Monday, October 21, 2013

A Little Princess

Computer is still down, folks, so I'm updating as often as I can!

My recent foray into Victorian England has reminded me of a childhood favorite of mine.  As I am still working on The Adventures of Sherlock Holmes, I thought I would stop off at on memory lane and remember that lovely classic by Frances Hodgson Burnett, A Little Princess.

Princesses are taking a beating today.  There's an entire culture of mothers that are rioting against the idea of "making our daughters into princess."  I think it's a reaction to the commercialization of the Disney Princesses, making the idea of a princess the one of voluptuous beauty waiting for their prince to come.  Being a "princess" has come to mean that you have to look a certain way and have your life center around whatever guy you happen to be waiting for.  It has become commercialized into something pretty superficial.

There is more, however, to the idea of being a princess. 

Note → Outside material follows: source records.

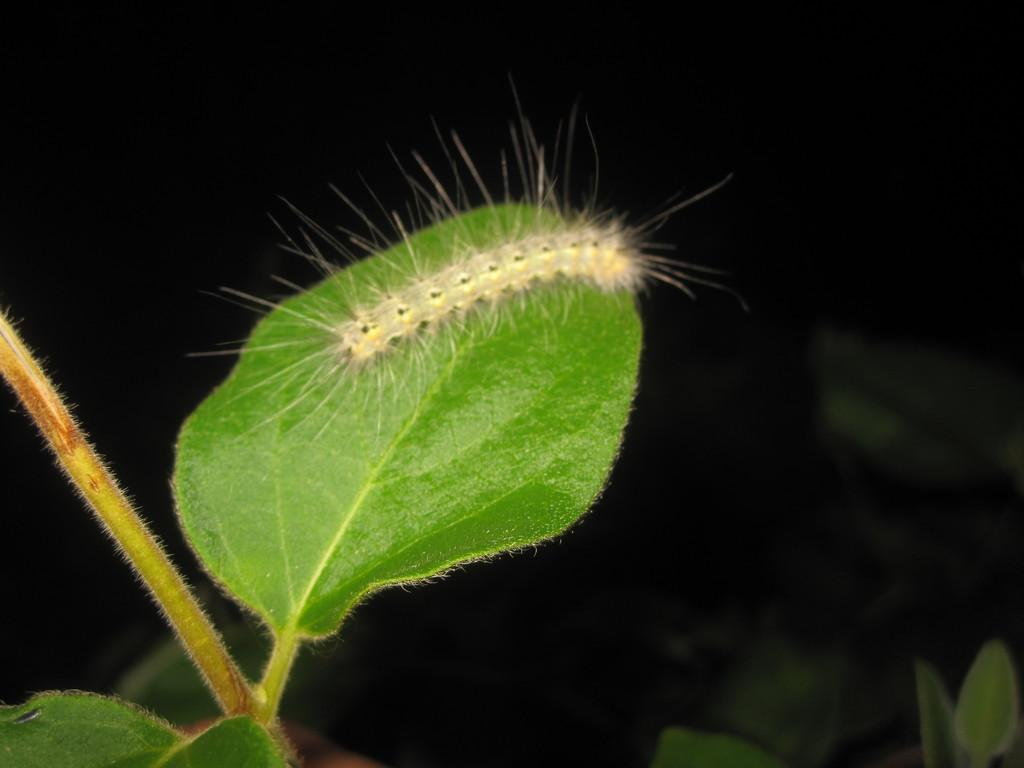What is the main subject of the image? The main subject of the image is a stem with leaves. Is there anything else present on the stem or leaves? Yes, there is a caterpillar on one of the leaves. What can be observed about the background of the image? The background of the image is dark. How many fingers can be seen in the image? There are no fingers visible in the image. Are there any snails present in the image? There are no snails present in the image. 
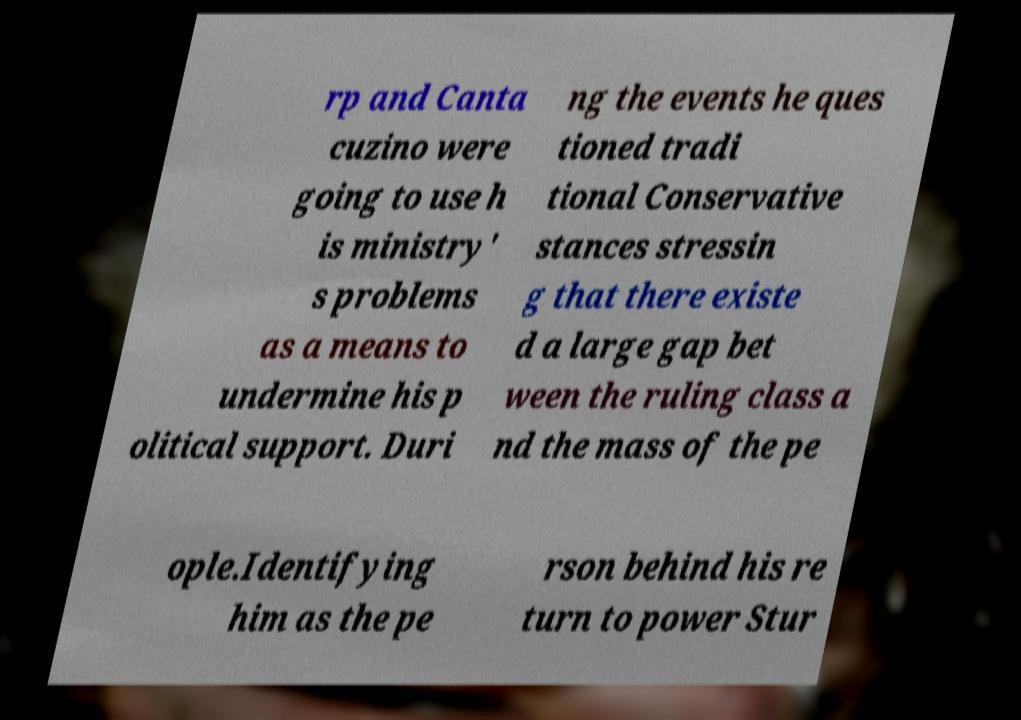What messages or text are displayed in this image? I need them in a readable, typed format. rp and Canta cuzino were going to use h is ministry' s problems as a means to undermine his p olitical support. Duri ng the events he ques tioned tradi tional Conservative stances stressin g that there existe d a large gap bet ween the ruling class a nd the mass of the pe ople.Identifying him as the pe rson behind his re turn to power Stur 
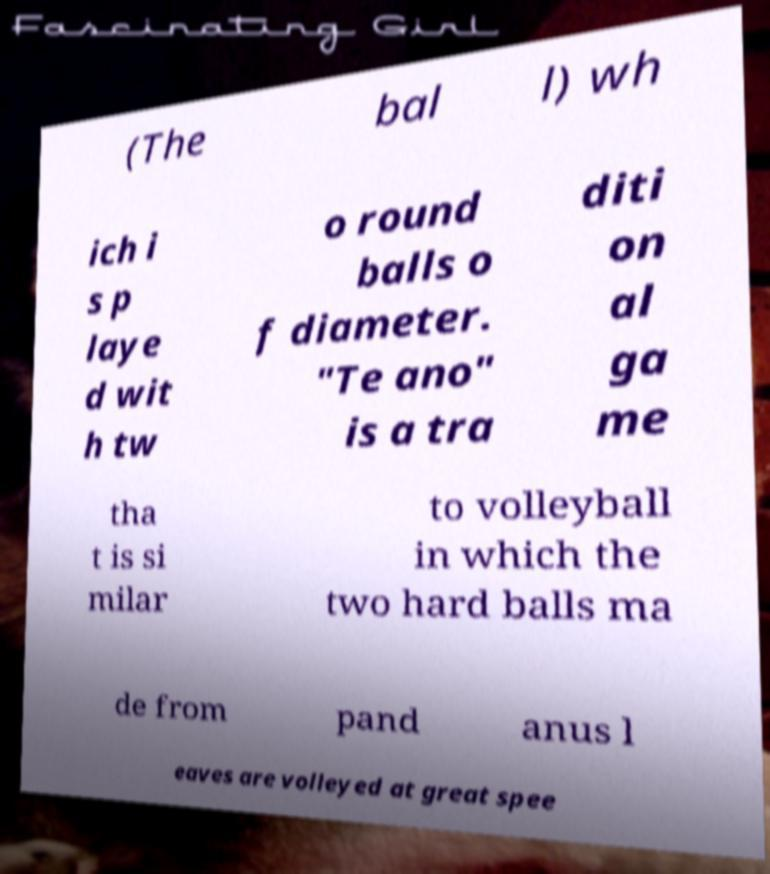Can you read and provide the text displayed in the image?This photo seems to have some interesting text. Can you extract and type it out for me? (The bal l) wh ich i s p laye d wit h tw o round balls o f diameter. "Te ano" is a tra diti on al ga me tha t is si milar to volleyball in which the two hard balls ma de from pand anus l eaves are volleyed at great spee 
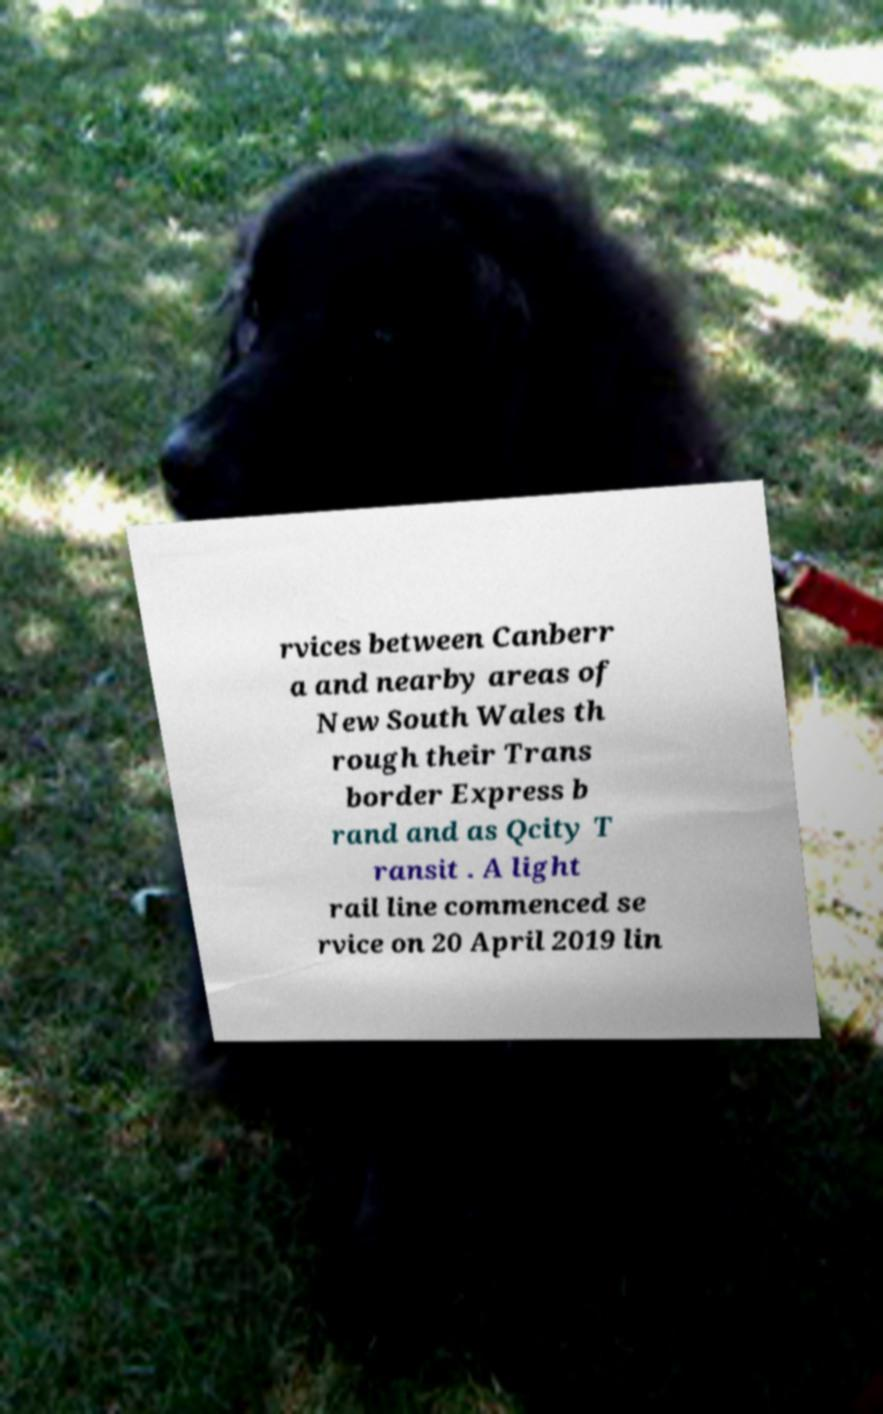I need the written content from this picture converted into text. Can you do that? rvices between Canberr a and nearby areas of New South Wales th rough their Trans border Express b rand and as Qcity T ransit . A light rail line commenced se rvice on 20 April 2019 lin 
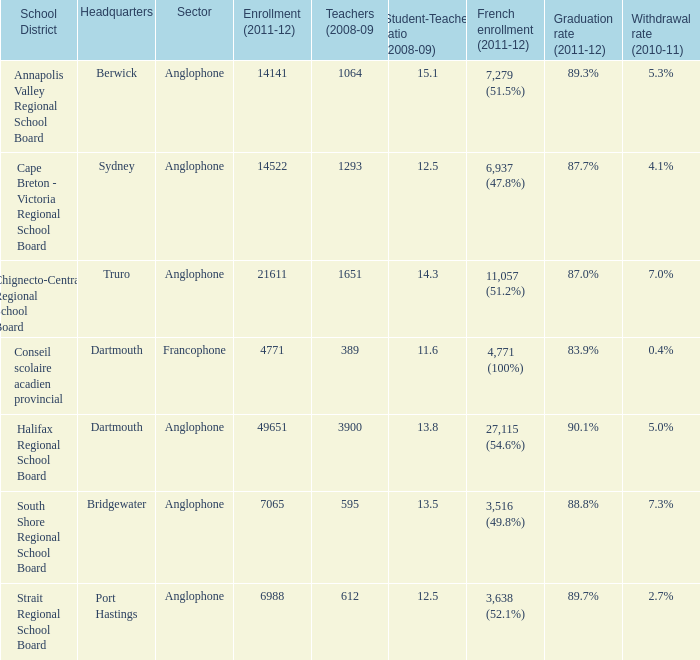What is the location of the principal office for the annapolis valley regional school board? Berwick.

A Little Princess is the story of little Sara Crewe who has lived her whole small life as a privileged daughter of the very wealthy Captain Crewe, a well-to-do British officer in India.  In due time, as many children of her age and station were in the Victorian era, she was taken to London and enrolled in a girls' boarding school.  The headmistress of the school, Miss Minchin, does not like Sara from the start because she can sense all the grace and beauty of heart in Sara that she herself never had.  However, Sara's papa is crazy rich and spoils both Sara and the school with gifts and monetary support, so she puts on a good face where her star pupil is concerned.  Sara quickly becomes a quiet leader in the school and a hero among the younger students, spinning stories, helping others in their schoolwork, and defending the outcasts and helpless, even down to the scullery maid, Becky.  However, tragedy befalls little Sara as her papa finds himself involved in some bad investments, loses everything he has, and then dies, leaving Sara a pauper on Miss Minchin's hands.  Miss Minchin responds by turning Sara into a scullery maid herself and treating her cruelly.  Through it all, Sara remains regal in her own way, bearing her burdens with a dignity that comes from way down inside of her and proving that real royalty has nothing to do with birthright or circumstances.  Being Princess Sara means that she looks out for others, finds joy in the midst of despair, and treats her enemies with a respect they do not deserve.  In the end, the story ends like a fairy-tale, and everything comes out just as it should, with surprise delights along the way.  Through it all, ups and downs, Sara remains as she always has - a little princess. 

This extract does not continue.